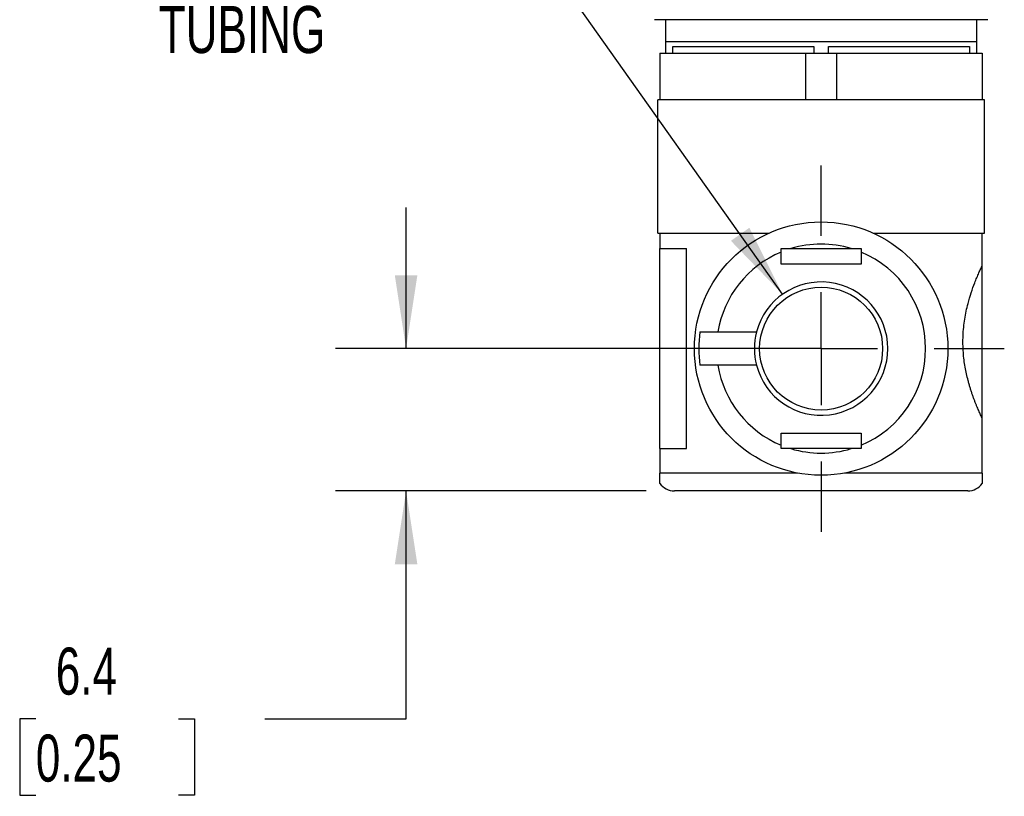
# Model space of a CAD drawing. Header units: millimetres. Extents: x 6 to 273, y 6 to 210.
# Tile 9 of 14: x 186 to 230, y 51 to 86. Entities that reach past the tile are written whole.
import ezdxf

# ---------------------------------------------------------------- set-up
doc = ezdxf.new("R2010")
doc.units = ezdxf.units.MM
doc.linetypes.add('SLD-Center', pattern=[19.05, 15.24, -1.27, 1.27, -1.27])
doc.linetypes.add('SLD-Solid', pattern=[0])
doc.layers.add('CENTER', color=40, linetype='SLD-Center')
doc.layers.add('DIMENSIONS', color=140, linetype='SLD-Solid', lineweight=25)
doc.styles.add('SLDTEXTSTYLE0', font='TXT', dxfattribs={"width": 0.7})
doc.dimstyles.new('SLDDIMSTYLE2', dxfattribs={"dimtxt": 2.158008, "dimasz": 3.302, "dimexe": 0, "dimexo": 0.0625, "dimgap": 0.539502, "dimtad": 0, "dimtih": 1, "dimtoh": 1, "dimdec": 1, "dimrnd": 1e-09, "dimzin": 12, "dimdsep": 46, "dimtxsty": 'SLDTEXTSTYLE0', "dimsah": 1, "dimcen": 0.09, "dimadec": 0, "dimazin": 3, "dimtfac": 1, "dimtdec": 1, "dimtmove": 0, "dimatfit": 0, "dimfxl": 0, "dimfrac": 2, "dimtolj": 1, "dimtzin": 12, "dimarcsym": 0})
doc.dimstyles.new('SLDDIMSTYLE4', dxfattribs={"dimtxt": 2.158008, "dimasz": 3.302, "dimexe": 0, "dimexo": 0.0625, "dimgap": 0.539502, "dimtad": 0, "dimtih": 1, "dimtoh": 1, "dimdec": 1, "dimrnd": 1e-09, "dimzin": 12, "dimdsep": 46, "dimtxsty": 'SLDTEXTSTYLE0', "dimsah": 1, "dimcen": 0, "dimadec": 0, "dimazin": 3, "dimtfac": 1, "dimtdec": 1, "dimtofl": 0, "dimtmove": 0, "dimatfit": 3, "dimfxl": 0, "dimfrac": 2, "dimtolj": 1, "dimtzin": 12, "dimarcsym": 0})

# ---------------------------------------------------------------- blocks, each defined once
blk = doc.blocks.new('_D_5')
at = {"layer": 'DIMENSIONS'}
for p, q in [((203.191, 71.456), (203.191, 77.806)), ((220.587, 71.456), (200.016, 71.456)), ((213.987, 65.056), (200.016, 65.056)), ((203.191, 54.793), (203.191, 65.056)), ((186.537, 54.793), (185.812, 54.793)), ((185.812, 54.793), (185.812, 51.363)), ((192.95, 54.793), (193.674, 54.793)), ((193.674, 54.793), (193.674, 51.363)), ((196.841, 54.793), (203.191, 54.793)), ((185.812, 51.363), (186.537, 51.363)), ((193.674, 51.363), (192.95, 51.363))]:
    blk.add_line(p, q, dxfattribs=at)
for points in [[(203.191, 71.456), (203.699, 74.758), (202.683, 74.758)], [(203.191, 65.056), (202.683, 61.754), (203.699, 61.754)]]:
    blk.add_solid(points, dxfattribs=at)
at = {"layer": 'DIMENSIONS', "char_height": 2.1167, "attachment_point": 1, "style": 'SLDTEXTSTYLE0'}
for s, insert in [('6.4', (187.435, 58.004)), ('0.25', (186.537, 54.092))]:
    blk.add_mtext(s, dxfattribs=dict(at, insert=insert))
blk = doc.blocks.new('_D_6')
at = {"layer": 'DIMENSIONS'}
for p, q in [((210.448, 87.572), (204.892, 87.572)), ((220.123, 73.904), (210.448, 87.572))]:
    blk.add_line(p, q, dxfattribs=at)
blk.add_solid([(220.123, 73.904), (218.63, 76.893), (217.801, 76.306)], dxfattribs=at)
at = {"layer": 'DIMENSIONS', "char_height": 2.1167, "attachment_point": 1, "style": 'SLDTEXTSTYLE0'}
for s, insert in [('6MM', (194.41, 90.3)), ('TUBING', (192.07, 86.871))]:
    blk.add_mtext(s, dxfattribs=dict(at, insert=insert))
blk = doc.blocks.new('SW_CENTERMARKSYMBOL_2')
at = {"layer": 'CENTER', "color": 0}
for p, q in [((0, 5.08), (0, 8.24)), ((0, 0), (0, 2.54)), ((-5.08, 0), (-8.24, 0)), ((0, 0), (-2.54, 0)), ((0, 0), (0, -2.54)), ((0, 0), (2.54, 0)), ((5.08, 0), (8.24, 0)), ((0, -5.08), (0, -8.24))]:
    blk.add_line(p, q, dxfattribs=at)

msp = doc.modelspace()

# ---------------------------------------------------------------- linework, layer by layer
for p, q in [((214.857, 86.256), (214.357, 86.256)), ((214.857, 86.256), (214.857, 85.256)), ((228.857, 86.256), (214.857, 86.256)), ((228.857, 85.256), (228.857, 86.256)), ((229.357, 86.256), (228.857, 86.256)), ((228.857, 85.256), (214.857, 85.256)), ((214.857, 85.256), (214.857, 84.756)), ((215.185, 85.056), (221.528, 85.056)), ((215.185, 84.756), (215.185, 85.056)), ((221.528, 85.056), (221.528, 84.756)), ((222.185, 85.056), (228.528, 85.056)), ((222.185, 84.756), (222.185, 85.056)), ((228.528, 85.056), (228.528, 84.756)), ((228.857, 84.756), (228.857, 85.256)), ((214.607, 84.756), (214.607, 82.656)), ((214.607, 84.756), (221.159, 84.756)), ((221.159, 84.756), (221.159, 82.656)), ((221.159, 84.756), (222.554, 84.756)), ((222.554, 84.756), (222.554, 82.656)), ((222.554, 84.756), (229.107, 84.756)), ((229.107, 84.756), (229.107, 82.656)), ((229.207, 82.656), (214.507, 82.656)), ((214.507, 79.656), (214.507, 82.656)), ((229.207, 79.656), (229.207, 82.656)), ((214.507, 76.656), (214.507, 79.656)), ((229.207, 76.656), (229.207, 79.656)), ((214.507, 76.656), (219.522, 76.656)), ((214.607, 76.656), (214.607, 75.956)), ((224.191, 76.656), (229.207, 76.656)), ((229.107, 75.2), (229.107, 76.656)), ((214.607, 75.956), (215.799, 75.956)), ((214.607, 66.956), (214.607, 75.956)), ((215.799, 66.956), (215.799, 75.956)), ((220.057, 75.256), (220.057, 75.797)), ((220.5, 75.956), (223.213, 75.956)), ((223.657, 75.797), (223.657, 75.256)), ((223.657, 75.256), (220.057, 75.256)), ((229.107, 68.311), (229.107, 75.2)), ((217.217, 72.206), (218.952, 72.206)), ((218.952, 70.706), (217.217, 70.706)), ((229.107, 65.856), (229.107, 68.311)), ((220.057, 67.656), (223.657, 67.656)), ((220.057, 67.114), (220.057, 67.656)), ((223.657, 67.656), (223.657, 67.114)), ((214.607, 66.956), (214.607, 65.856)), ((214.607, 66.956), (215.799, 66.956)), ((223.213, 66.956), (220.5, 66.956)), ((220.794, 65.856), (214.607, 65.856)), ((229.107, 65.856), (222.92, 65.856)), ((228.457, 65.056), (215.257, 65.056))]:
    msp.add_line(p, q)
for radius in [5.7, 2.765]:
    msp.add_circle((221.857, 71.456), radius)
for centre, radius, start, end in [((221.857, 71.456), 4.7, 112.5183, 170.8178), ((221.857, 71.456), 4.7, 73.2253, 106.7747), ((221.857, 71.456), 4.7, 292.5183, 67.4817), ((221.857, 71.456), 3, 194.4775, 165.5225), ((221.857, 71.456), 5.5, 172.1625, 187.8375), ((221.857, 71.456), 3, 165.5225, 194.4775), ((221.857, 71.456), 4.7, 189.1822, 247.4817), ((221.857, 71.456), 4.7, 253.2253, 286.7747), ((215.257, 65.856), 0.8, 215.6497, 270), ((228.457, 65.856), 0.8, 270, 324.3274)]:
    msp.add_arc(centre, radius, start, end)
for points, knots in [([(220.057, 75.956), (220.13, 75.956), (220.278, 75.956), (220.426, 75.956), (220.5, 75.956)], [0, 0, 0, 0, 0.500057, 1, 1, 1, 1]), ([(220.057, 75.797), (220.057, 75.822), (220.057, 75.87), (220.057, 75.923), (220.057, 75.951), (220.057, 75.956)], [0, 0, 0, 0, 0.456946, 0.917017, 1, 1, 1, 1]), ([(223.213, 75.956), (223.287, 75.956), (223.435, 75.956), (223.583, 75.956), (223.657, 75.956)], [0, 0, 0, 0, 0.499785, 1, 1, 1, 1]), ([(223.657, 75.956), (223.657, 75.929), (223.657, 75.877), (223.657, 75.824), (223.657, 75.797)], [0, 0, 0, 0, 0.500284, 1, 1, 1, 1]), ([(229.107, 68.311), (229.095, 68.336), (229.071, 68.387), (229.031, 68.472), (228.989, 68.565), (228.945, 68.665), (228.899, 68.772), (228.851, 68.886), (228.803, 69.007), (228.753, 69.135), (228.703, 69.268), (228.654, 69.406), (228.606, 69.551), (228.558, 69.7), (228.512, 69.856), (228.431, 70.154), (228.326, 70.619), (228.239, 71.303), (228.227, 72.042), (228.306, 72.794), (228.447, 73.443), (228.609, 73.983), (228.747, 74.364), (228.862, 74.652), (228.952, 74.864), (229.036, 75.05), (229.083, 75.15), (229.107, 75.2)], [0, 0, 0, 0, 0.021234, 0.042355, 0.063408, 0.084441, 0.105496, 0.126619, 0.147852, 0.169088, 0.190217, 0.21128, 0.232319, 0.253382, 0.274514, 0.295765, 0.371137, 0.446514, 0.531705, 0.617284, 0.702744, 0.769753, 0.836745, 0.877724, 0.918379, 0.959028, 1, 1, 1, 1]), ([(216.408, 72.206), (216.416, 72.206), (216.433, 72.206), (216.524, 72.206), (216.713, 72.206), (216.958, 72.206), (217.128, 72.206), (217.187, 72.206), (217.217, 72.206)], [0, 0, 0, 0, 0.043367, 0.086959, 0.447998, 0.809047, 0.904525, 1, 1, 1, 1]), ([(217.217, 70.706), (217.186, 70.706), (217.124, 70.706), (217.033, 70.706), (216.943, 70.706), (216.855, 70.706), (216.77, 70.706), (216.689, 70.706), (216.598, 70.706), (216.5, 70.706), (216.439, 70.706), (216.408, 70.706)], [0, 0, 0, 0, 0.098764, 0.197458, 0.296178, 0.394989, 0.49383, 0.592663, 0.691451, 0.845795, 1, 1, 1, 1]), ([(220.057, 66.956), (220.057, 66.984), (220.057, 67.037), (220.057, 67.09), (220.057, 67.114)], [0, 0, 0, 0, 0.546321, 1, 1, 1, 1]), ([(220.5, 66.956), (220.426, 66.956), (220.278, 66.956), (220.131, 66.956), (220.057, 66.956)], [0, 0, 0, 0, 0.499785, 1, 1, 1, 1]), ([(223.657, 66.956), (223.583, 66.956), (223.435, 66.956), (223.287, 66.956), (223.213, 66.956)], [0, 0, 0, 0, 0.500057, 1, 1, 1, 1]), ([(223.657, 67.114), (223.657, 67.09), (223.657, 67.041), (223.657, 66.989), (223.657, 66.96), (223.657, 66.956)], [0, 0, 0, 0, 0.456946, 0.917017, 1, 1, 1, 1]), ([(214.607, 65.389), (214.607, 65.389), (214.607, 65.384), (214.607, 65.402), (214.607, 65.451), (214.607, 65.538), (214.607, 65.653), (214.607, 65.741), (214.607, 65.804), (214.607, 65.838), (214.607, 65.856)], [0, 0, 0, 0, 0.001416, 0.2507912, 0.4997594, 0.7477503, 0.8735075, 0.9366948, 0.9684111, 1, 1, 1, 1]), ([(229.107, 65.856), (229.107, 65.838), (229.107, 65.803), (229.107, 65.741), (229.107, 65.653), (229.107, 65.537), (229.107, 65.452), (229.107, 65.398), (229.107, 65.392), (229.107, 65.389)], [0, 0, 0, 0, 0.031744, 0.06349, 0.126699, 0.252509, 0.50297, 0.751884, 1, 1, 1, 1])]:
    msp.add_open_spline(points, degree=3, knots=knots)

# ---------------------------------------------------------------- block references
at = {"layer": 'CENTER'}
msp.add_blockref('SW_CENTERMARKSYMBOL_2', (221.857, 71.456), dxfattribs=at)

# ---------------------------------------------------------------- dimensions: what is measured, and where the dimension line sits
at = {"layer": 'DIMENSIONS'}
dim = msp.add_radius_dim(center=(221.857, 71.456), mpoint=(220.123, 73.904), text='6MM\\PTUBING', dimstyle='SLDDIMSTYLE4', override={"dimpost": '<>'}, dxfattribs=at)
dim.commit()
dim.dimension.update_dxf_attribs({"geometry": '_D_6', "text_midpoint": (197.687, 87.572), "dimtype": 164})
dim = msp.add_linear_dim(base=(203.191, 71.456), p1=(215.257, 65.056), p2=(221.857, 71.456), angle=90, dimstyle='SLDDIMSTYLE2', dxfattribs=at)
dim.commit()
dim.dimension.update_dxf_attribs({"geometry": '_D_5', "text_midpoint": (203.191, 54.793), "dimtype": 160})

doc.saveas('drawing.dxf')

▬▬▬▬▬▬

THE PROBLEM:
Reprint exactly the lines above that start at the one with "# Tile 9 of" and end at the one with "color=140, linetype='SLD-Solid', lineweight=25)", keeping both and adding none.

ANSWER FOR THIS EXERCISE:
# Tile 9 of 14: x 186 to 230, y 51 to 86. Entities that reach past the tile are written whole.
import ezdxf

# ---------------------------------------------------------------- set-up
doc = ezdxf.new("R2010")
doc.units = ezdxf.units.MM
doc.linetypes.add('SLD-Center', pattern=[19.05, 15.24, -1.27, 1.27, -1.27])
doc.linetypes.add('SLD-Solid', pattern=[0])
doc.layers.add('CENTER', color=40, linetype='SLD-Center')
doc.layers.add('DIMENSIONS', color=140, linetype='SLD-Solid', lineweight=25)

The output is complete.